While working on T368754, we started leveraging Spark JDBC Datasource's parallel reading (docs, usage example), but hit a quite interesting problem when trying to read all data of the revision table.
Nnormally, we would be able to use, say, 64 executors and split the revision table to be read by partitioning on the rev_timestamp column with code like:
jdbc_df = spark.read \ .format("jdbc") \ ... .option("partitionColumn", "rev_timestamp") \ .option("numPartitions", 64) \ ... .load()
This Spark mechanism only works with TIMESTAMPs, DATEs and the family of INTEGERs, because Spark needs to know how to define the partition boundaries automatically. Reasonable.

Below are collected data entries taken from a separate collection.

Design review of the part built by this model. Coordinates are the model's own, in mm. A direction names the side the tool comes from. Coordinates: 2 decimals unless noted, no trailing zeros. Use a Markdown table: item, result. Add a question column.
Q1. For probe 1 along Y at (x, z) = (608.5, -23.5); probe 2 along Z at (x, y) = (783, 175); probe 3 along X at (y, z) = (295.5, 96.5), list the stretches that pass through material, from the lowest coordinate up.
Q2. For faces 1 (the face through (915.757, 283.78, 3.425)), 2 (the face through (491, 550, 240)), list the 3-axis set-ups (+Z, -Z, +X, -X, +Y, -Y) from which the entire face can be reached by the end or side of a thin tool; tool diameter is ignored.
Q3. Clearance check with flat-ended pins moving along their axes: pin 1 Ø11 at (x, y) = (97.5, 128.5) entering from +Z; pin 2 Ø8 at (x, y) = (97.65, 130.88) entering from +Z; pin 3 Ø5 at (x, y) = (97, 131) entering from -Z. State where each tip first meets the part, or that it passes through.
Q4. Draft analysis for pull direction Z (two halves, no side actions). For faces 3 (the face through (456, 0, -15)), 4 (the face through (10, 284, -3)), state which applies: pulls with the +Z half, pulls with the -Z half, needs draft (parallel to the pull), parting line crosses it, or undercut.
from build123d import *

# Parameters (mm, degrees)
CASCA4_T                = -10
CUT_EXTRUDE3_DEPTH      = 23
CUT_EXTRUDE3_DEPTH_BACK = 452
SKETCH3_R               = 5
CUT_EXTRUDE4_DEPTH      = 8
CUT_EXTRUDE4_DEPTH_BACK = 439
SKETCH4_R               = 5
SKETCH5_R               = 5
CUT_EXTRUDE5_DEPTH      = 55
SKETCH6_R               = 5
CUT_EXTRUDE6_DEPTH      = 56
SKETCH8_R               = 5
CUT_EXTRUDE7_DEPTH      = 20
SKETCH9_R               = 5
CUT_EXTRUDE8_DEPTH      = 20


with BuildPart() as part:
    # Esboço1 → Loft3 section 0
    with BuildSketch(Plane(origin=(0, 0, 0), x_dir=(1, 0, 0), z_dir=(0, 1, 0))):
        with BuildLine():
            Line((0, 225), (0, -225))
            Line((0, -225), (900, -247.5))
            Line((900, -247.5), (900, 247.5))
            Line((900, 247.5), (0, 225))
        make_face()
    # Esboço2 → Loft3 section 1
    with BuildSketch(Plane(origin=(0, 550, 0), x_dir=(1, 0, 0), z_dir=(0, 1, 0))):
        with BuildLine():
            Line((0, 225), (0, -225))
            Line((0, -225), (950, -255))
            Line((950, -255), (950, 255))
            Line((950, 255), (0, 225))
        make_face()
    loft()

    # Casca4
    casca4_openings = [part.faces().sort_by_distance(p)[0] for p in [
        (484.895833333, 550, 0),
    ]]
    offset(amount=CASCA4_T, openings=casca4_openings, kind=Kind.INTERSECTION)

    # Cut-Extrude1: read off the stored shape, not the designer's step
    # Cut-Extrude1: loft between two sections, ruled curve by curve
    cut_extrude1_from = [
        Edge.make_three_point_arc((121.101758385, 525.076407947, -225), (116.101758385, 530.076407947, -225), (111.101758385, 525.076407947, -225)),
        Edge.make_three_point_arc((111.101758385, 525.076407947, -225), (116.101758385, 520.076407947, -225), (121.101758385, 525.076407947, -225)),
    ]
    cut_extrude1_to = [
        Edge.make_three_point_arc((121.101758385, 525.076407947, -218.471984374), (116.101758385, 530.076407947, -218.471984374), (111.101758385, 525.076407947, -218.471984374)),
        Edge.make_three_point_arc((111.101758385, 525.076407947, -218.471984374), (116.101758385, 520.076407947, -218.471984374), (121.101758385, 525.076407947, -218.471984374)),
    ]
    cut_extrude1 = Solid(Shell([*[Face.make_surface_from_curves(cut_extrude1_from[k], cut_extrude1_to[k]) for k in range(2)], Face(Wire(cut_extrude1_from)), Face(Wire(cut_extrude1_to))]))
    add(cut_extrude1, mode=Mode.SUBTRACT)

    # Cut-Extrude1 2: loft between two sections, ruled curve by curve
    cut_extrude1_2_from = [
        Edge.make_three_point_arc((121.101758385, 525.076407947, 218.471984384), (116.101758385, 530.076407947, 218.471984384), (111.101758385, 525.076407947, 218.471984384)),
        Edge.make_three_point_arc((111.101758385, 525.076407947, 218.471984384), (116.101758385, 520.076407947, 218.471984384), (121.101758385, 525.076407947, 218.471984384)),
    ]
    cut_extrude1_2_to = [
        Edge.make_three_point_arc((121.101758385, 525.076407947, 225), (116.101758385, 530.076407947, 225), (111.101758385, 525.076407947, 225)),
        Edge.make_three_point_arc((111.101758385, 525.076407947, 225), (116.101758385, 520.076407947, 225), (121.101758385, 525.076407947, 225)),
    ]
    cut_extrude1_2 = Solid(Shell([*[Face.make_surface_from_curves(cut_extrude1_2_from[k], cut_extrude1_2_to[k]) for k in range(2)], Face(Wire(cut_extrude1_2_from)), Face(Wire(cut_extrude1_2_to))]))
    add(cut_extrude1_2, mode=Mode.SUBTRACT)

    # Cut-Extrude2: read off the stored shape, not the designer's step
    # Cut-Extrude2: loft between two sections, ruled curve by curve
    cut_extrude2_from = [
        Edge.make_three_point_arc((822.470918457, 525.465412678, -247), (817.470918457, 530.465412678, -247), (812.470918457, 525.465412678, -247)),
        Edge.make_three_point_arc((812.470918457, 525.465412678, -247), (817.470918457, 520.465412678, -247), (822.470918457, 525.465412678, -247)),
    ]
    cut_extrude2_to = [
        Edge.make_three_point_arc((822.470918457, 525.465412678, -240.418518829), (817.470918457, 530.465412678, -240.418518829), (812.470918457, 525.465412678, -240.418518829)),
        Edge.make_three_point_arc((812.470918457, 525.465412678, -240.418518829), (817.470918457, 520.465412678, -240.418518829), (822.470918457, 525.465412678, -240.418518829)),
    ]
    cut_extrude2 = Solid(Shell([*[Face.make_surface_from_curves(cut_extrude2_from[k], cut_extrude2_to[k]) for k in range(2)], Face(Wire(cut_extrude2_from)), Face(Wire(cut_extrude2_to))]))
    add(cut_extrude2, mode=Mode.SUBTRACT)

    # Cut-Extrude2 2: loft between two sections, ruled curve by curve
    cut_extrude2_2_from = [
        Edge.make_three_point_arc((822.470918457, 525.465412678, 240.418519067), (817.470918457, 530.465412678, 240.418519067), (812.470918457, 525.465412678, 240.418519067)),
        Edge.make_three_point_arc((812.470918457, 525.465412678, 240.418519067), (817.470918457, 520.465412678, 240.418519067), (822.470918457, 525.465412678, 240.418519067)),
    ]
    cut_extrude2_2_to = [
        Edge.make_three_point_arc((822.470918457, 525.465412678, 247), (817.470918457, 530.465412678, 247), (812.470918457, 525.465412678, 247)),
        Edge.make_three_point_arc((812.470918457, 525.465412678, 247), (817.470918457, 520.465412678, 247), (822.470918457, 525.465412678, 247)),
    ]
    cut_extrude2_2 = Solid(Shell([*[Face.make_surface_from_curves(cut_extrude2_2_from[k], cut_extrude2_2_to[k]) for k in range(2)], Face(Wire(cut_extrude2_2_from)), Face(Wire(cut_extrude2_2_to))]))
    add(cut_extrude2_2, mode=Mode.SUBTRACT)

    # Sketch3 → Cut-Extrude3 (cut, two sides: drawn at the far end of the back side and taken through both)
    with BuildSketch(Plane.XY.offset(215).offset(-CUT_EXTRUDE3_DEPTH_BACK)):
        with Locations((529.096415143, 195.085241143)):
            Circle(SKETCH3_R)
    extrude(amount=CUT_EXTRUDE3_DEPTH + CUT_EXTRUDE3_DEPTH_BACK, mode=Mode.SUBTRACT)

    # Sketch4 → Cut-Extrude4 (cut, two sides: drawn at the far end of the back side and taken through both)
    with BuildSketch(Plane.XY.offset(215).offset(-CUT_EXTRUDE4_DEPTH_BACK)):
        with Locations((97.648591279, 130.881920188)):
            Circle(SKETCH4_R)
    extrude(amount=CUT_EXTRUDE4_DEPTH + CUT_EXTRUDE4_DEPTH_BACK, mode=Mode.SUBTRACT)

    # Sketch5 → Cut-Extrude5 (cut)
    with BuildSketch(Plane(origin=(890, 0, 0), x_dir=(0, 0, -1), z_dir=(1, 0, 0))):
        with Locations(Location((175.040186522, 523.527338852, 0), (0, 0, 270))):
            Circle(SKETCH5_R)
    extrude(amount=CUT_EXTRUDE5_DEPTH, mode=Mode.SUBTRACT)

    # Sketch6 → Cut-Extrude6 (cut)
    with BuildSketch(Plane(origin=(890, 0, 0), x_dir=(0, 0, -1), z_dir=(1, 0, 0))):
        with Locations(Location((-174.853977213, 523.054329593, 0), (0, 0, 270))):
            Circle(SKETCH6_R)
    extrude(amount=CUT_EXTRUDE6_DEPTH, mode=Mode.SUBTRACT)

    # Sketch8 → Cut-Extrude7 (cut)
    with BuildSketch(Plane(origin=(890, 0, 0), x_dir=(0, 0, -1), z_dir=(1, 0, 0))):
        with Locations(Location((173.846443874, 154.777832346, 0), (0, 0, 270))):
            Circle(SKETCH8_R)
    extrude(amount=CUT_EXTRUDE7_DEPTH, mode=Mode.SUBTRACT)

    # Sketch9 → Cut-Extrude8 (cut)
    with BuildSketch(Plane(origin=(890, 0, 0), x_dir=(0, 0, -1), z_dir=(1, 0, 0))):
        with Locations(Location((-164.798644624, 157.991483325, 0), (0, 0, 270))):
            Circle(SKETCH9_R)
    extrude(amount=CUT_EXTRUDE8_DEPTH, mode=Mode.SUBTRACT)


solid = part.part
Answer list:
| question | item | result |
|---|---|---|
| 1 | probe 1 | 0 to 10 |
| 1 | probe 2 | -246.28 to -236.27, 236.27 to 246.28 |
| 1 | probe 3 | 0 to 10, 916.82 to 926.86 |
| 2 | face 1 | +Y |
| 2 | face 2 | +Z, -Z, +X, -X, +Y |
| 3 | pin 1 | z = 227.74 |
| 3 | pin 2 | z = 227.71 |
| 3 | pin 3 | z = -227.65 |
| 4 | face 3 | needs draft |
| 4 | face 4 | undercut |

But MediaWiki defines rev_timestamp as:
+----------------+---------------------+------+-----+---------+----------------+ | Field | Type | Null | Key | Default | Extra | +----------------+---------------------+------+-----+---------+----------------+ | rev_id | bigint(20) unsigned | NO | PRI | NULL | auto_increment | ... | rev_timestamp | binary(14) | NO | MUL | NULL | | ...
with an index as:
+----------+------------+--------------------------+--------------+---------------+-----------+-------------+----------+--------+------+------------+---------+---------------+ | Table | Non_unique | Key_name | Seq_in_index | Column_name | Collation | Cardinality | Sub_part | Packed | Null | Index_type | Comment | Index_comment | +----------+------------+--------------------------+--------------+---------------+-----------+-------------+----------+--------+------+------------+---------+---------------+ | revision | 0 | PRIMARY | 1 | rev_id | A | 0 | NULL | NULL | | BTREE | | | | revision | 1 | rev_timestamp | 1 | rev_timestamp | A | 0 | NULL | NULL | | BTREE | | | ...
Thus if Spark generates a query like:
SELECT * FROM revision WHERE rev_timestamp >= TIMESTAMP '2024-01-01' AND rev_timestamp < TIMESTAMP '2024-02-01'
Such query will *NOT* hit the rev_timestamp index because MariaDB doesn't know how to CAST a TIMESTAMP to a BINARY(14). Not hitting the index makes the query crawl and fail in all but the smallest wikis.
We can go around this by doing generating a query like:
SELECT * FROM revision WHERE rev_timestamp >= TO_CHAR(TIMESTAMP '2024-01-01', 'YYYYMMDDHH24MISS') AND rev_timestamp < TO_CHAR(TIMESTAMP '2024-02-01', 'YYYYMMDDHH24MISS')
However, there is no current mechanism in Spark's JDBC datasource to send that information in. And that is reasonable too, because I suspect there are not many schemas that define their timestamps as BINARY...
In this task, we want to explore this problem and try to figure out a workaround. Some ideas:
- Look into Spark code, see if we can easily modify the JDBC data source to accept a function
- Modify the code to run on top of the Sqooped tables rather than hitting the Analytics replicas for when we want to do these full runs over the revision table.
- Suggest to SREs that we convert BINARY(14) to TIMESTAMPs? I presume this is there for historical reasons.
- Modify PySpark code so that we partition the table via rev_id, which is an BIGINT, and live with 2 separate code bases that do the same thing?